En toute logique, la musique de BELL OEIL réfute toutes les étiquettes.
Pourtant, et malgré le caractère introspectif d’un projet qui reste voué à la quête de son chanteur, « Un Corps (Gautier le ressuscité ) » va éclairer les lanternes.
Lorsque l’on ne défend ni une chapelle musicale, ni un courant idéologique, c’est que l’on défend son moi. Fatalement, les passerelles sont plus complexes à trouver, à expliquer, à présenter, à comprendre. « Un Corps (Gautier le ressuscité) » s’affirme comme une pierre angulaire dans le développement du groupe, car tous les éléments permettant une entente constructive entre un discours et sa démonstration sont maintenant réunis : Samuel et Momo (contrebasse – batterie) ont trouvé leur langage propre, entre rock et chanson, sachant plus que quiconque jouer des intensités. Thierry, le guitariste, est devenu un électron libre : entre premier support mélodique du texte, entité musicale indépendante, et soutien à la rythmique quand il faut que cela cogne. Christophe, quant lui, défend plus que jamais son oeuvre tout en donnant plus de place aux autres membres du groupe.
Si l’on a souvent hésité entre chanson, réaliste (voire néoréaliste), ou chanson rock, il semble bon d’insister sur un point : l’instrumentation de BELL OEIL demeure en devenir permanent. En 1995, Christophe développait une démarche empirique dans la recherche de ses instrumentistes. Comment se passa la rencontre avec Thierry, Momo, Samuel et Raphaël ? Peu importe.
Christophe réunissait là des éléments originaux et éparses. « Le Cri » (auto-produit édité par le groupe en 2000) peut ainsi être reconnu dans sa symbolique artistique : une espèce de pavé lancé par un artiste en mal d’être tout simplement. A la sortie de « Cabossé », en 2002, BELL OEIL surfe déjà sur un beau succès d’estime. En 2003, le départ de Raphaël (le clarinettiste) et la sortie de « Hurle tout » - album hommage à Léo Ferré – provoquent une rupture. Ce n’est pas un hasard si le groupe repense sa musique, en particulier avec l’introduction, par Thierry, des guitares électriques.

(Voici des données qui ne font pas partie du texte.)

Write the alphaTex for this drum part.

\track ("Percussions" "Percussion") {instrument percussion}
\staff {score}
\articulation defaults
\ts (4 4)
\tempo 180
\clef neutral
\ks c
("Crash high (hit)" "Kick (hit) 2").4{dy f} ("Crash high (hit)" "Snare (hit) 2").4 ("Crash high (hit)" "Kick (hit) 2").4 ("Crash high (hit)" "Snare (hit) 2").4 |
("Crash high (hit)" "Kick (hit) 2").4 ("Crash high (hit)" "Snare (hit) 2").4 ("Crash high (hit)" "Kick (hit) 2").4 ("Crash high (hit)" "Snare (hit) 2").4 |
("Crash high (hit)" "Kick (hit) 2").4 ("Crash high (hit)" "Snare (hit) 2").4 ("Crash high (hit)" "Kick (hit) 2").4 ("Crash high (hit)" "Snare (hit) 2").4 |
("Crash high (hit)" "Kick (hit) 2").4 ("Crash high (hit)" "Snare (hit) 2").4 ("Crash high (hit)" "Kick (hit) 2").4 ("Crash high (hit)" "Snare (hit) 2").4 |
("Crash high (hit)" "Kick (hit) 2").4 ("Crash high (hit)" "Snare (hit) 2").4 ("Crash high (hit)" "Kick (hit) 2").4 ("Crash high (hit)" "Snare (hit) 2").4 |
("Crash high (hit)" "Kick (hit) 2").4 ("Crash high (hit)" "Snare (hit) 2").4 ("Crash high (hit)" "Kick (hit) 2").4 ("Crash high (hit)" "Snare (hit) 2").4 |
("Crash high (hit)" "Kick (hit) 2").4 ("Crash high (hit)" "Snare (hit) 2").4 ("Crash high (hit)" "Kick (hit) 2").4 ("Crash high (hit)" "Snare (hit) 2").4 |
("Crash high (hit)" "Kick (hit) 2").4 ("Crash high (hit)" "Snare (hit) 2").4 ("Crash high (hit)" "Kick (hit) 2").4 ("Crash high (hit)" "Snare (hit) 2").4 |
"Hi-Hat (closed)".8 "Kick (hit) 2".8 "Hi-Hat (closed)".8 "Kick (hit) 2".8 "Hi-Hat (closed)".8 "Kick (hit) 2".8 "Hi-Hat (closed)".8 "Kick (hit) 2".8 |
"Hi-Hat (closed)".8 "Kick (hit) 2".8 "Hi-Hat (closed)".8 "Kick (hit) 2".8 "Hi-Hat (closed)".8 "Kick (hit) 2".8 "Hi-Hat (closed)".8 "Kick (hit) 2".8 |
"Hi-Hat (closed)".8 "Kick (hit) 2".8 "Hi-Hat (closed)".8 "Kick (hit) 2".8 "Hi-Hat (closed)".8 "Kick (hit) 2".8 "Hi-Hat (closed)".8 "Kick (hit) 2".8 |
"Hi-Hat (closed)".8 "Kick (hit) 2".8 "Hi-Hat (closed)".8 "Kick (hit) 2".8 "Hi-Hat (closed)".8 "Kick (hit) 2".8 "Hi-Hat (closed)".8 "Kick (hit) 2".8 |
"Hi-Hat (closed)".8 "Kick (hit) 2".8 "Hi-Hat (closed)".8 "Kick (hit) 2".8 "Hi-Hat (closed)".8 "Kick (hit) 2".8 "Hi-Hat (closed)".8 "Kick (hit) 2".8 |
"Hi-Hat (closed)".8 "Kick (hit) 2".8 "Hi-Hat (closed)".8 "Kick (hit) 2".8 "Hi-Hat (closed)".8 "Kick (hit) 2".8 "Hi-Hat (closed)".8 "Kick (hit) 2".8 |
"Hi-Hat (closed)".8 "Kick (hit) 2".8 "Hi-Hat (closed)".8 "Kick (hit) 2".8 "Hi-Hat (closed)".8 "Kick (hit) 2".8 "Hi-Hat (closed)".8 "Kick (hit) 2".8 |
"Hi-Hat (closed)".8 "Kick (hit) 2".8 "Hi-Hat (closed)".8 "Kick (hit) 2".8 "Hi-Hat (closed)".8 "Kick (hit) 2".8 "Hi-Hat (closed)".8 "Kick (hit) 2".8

Le groupe se retrouve confronté à une vérité : le fond a besoin de forme.
Qu’en est-il aujourd’hui ? La reconnaissance rencontrée par le groupe a bousculé la donne : plus de 500 concerts, des prestations remarquées aux Francofolies, à Bourges ou dans le cadre des Chorus des Hauts-de-Seine, le soutien de figures radiophoniques comme Foulquier, la couverture de la presse (« Rock Sound », « Télérama », « Le Monde de la musique »,…).
La démarche du chanteur de BELL OEIL pourrait être résumée en une seule phrase : « Comment ça marche un homme ? » Comme l’expose le titre « Avance », petit A : « Ca tombe » ; petit B : « Ca se relève». Puis, ça retombe, et ça se relève. Avancer en se cognant la tête contre les
murs. Voilà le fil rouge de la quête de Christophe. Voilà ce qui fait, à la fois, son mal, son espoir, sa volonté. Dans cette continuité, «Un Corps (Gautier le ressuscité) », le troisième album de BELL OEIL (la conclusion d’une trilogie ?), évoque bien sûr la maladie, le rapport du corps à l’être, la monstruosité, l’angoisse, la dualité originelle : des thèmes abordés en définitive dans « Le Cri », dans « Cabossé ».
Quoi de neuf alors ? Le groupe BELL OEIL fonctionne rétroactivement ! Les questions posées hier trouvent des réponses aujourd’hui. Les réponses d’aujourd’hui cimenteront les questions de demain. Pour le public, pour les professionnels de tout bord, c’est l’assurance d’un son neuf à chaque concert. Après dix années d’existence, BELL OEIL s’apprête donc à mettre – à l’unisson - les deux pieds dans le plat : la sortie d’un nouvel album, un nouveau spectacle, et un projet pour Christophe d’éditer un livre sur « Gautier ».